| 要旨トップ | 目次 | | 日本生態学会第66回全国大会 (2019年3月、神戸) 講演要旨 ESJ66 Abstract |
一般講演(ポスター発表) P1-230 (Poster presentation)
オスへ働く性淘汰は時としてオスの加害形質を進化させる。そしてメスはその加害形質に対して対抗形質を進化させる。例えばモデル生物であるヨツモンマメゾウムシ(以下:ヨツモン)のオスは交尾器にトゲ状の構造を持ち、このトゲは同種のメスの産卵数を減少させる。このトゲが暴力的なヨツモンの系統ほど、メスは対抗形質として交尾器を厚くすることが知られている。
このような加害形質が他種へ働くことによって、種間交尾とそれに伴うコストを生じ、繁殖干渉を引き起こしていると考えられる。そして、このことはアズキゾウムシ(以下:アズキ)と近縁種のヨツモンを用いた先行研究から明らかになっている。また、アズキのオスのトゲが暴力的なほど、ヨツモンへより強力な繁殖干渉を引き起こすことが知られている。
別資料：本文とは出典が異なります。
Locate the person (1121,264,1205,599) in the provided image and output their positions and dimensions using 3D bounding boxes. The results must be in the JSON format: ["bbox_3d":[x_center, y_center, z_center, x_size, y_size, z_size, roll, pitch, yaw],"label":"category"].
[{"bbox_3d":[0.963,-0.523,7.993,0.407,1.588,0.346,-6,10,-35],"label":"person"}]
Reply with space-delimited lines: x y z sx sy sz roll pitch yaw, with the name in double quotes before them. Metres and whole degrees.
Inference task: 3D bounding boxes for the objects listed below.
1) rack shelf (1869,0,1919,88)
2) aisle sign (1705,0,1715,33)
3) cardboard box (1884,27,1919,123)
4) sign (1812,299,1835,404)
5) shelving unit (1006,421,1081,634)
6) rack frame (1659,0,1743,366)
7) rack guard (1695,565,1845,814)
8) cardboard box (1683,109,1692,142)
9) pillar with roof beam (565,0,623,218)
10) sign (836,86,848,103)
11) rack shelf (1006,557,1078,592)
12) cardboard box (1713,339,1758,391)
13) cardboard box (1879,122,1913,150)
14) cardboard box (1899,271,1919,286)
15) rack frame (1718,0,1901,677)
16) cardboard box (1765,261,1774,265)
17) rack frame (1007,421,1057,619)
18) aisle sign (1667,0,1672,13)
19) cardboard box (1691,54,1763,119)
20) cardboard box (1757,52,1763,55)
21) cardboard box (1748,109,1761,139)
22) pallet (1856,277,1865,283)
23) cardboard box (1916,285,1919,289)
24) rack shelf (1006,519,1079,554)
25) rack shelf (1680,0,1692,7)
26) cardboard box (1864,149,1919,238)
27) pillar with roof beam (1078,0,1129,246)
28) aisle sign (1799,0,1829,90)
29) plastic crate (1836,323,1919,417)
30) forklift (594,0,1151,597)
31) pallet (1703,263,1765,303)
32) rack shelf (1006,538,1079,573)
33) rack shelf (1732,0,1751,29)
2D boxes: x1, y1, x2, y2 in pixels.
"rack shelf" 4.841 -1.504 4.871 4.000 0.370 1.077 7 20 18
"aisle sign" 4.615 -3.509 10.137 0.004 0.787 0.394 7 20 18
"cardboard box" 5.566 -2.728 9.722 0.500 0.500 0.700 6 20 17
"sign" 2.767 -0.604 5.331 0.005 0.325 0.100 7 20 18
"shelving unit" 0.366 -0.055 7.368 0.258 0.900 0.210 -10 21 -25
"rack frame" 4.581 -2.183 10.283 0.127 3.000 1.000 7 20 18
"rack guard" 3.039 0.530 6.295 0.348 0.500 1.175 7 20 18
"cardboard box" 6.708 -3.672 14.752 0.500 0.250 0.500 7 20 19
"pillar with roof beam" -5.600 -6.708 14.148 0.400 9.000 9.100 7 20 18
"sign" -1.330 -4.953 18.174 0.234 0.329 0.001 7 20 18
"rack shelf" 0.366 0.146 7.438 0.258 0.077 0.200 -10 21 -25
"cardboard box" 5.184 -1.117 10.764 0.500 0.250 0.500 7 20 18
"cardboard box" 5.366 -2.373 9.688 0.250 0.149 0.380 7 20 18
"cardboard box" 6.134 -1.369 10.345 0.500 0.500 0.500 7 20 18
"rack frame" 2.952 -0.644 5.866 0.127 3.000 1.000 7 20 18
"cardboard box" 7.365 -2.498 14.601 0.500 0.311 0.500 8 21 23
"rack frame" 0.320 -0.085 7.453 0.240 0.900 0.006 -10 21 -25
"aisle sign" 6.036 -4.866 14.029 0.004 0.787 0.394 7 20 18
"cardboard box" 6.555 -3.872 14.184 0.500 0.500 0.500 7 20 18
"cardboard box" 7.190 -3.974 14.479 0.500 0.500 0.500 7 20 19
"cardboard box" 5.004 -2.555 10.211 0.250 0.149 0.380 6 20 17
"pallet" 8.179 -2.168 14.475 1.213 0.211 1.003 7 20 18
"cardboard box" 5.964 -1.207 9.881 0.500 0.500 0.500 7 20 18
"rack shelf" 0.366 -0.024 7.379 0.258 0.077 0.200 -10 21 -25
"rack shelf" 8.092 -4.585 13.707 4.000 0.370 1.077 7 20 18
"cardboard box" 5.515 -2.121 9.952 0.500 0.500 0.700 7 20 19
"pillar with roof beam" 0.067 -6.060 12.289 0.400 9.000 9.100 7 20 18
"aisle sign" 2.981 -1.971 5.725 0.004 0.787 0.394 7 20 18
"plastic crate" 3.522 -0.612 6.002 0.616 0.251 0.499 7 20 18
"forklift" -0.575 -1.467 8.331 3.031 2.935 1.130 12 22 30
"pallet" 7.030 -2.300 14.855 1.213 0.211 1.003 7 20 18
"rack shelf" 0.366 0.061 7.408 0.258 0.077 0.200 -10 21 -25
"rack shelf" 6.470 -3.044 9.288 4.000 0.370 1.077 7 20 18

しかし、繁殖干渉は求愛を受けるメスの対抗形質によっても左右される。
我々の研究室で2004年から飼育方法を変えて累代し続けたヨツモンの2系統(hQとhQb)では、hQのメスの方がアズキのオスからの繁殖干渉を強く受けることが分かっている(未発表)。この結果から、hQbのメスの方がhQのメスよりもストック内での性淘汰の過程で、対抗形質を進化させてきたと考えられる。
本研究では、ヨツモンにおいて、性淘汰の影響を受けると考えられる複数の形態形質に注目し繁殖干渉の説明を試みる。具体的にはオスの前脚と交尾器と体長、メスの後脚と交尾器と体長についてhQとhQbの間で比較を行う。これらの結果を、先行研究で得られているメスの求愛に対する拒否の程度や繁殖干渉の程度と比較し、繁殖干渉を引き起こす"部品達"と、その"部品達"を生み出す淘汰について今後の展望も踏まえて議論を行う予定である。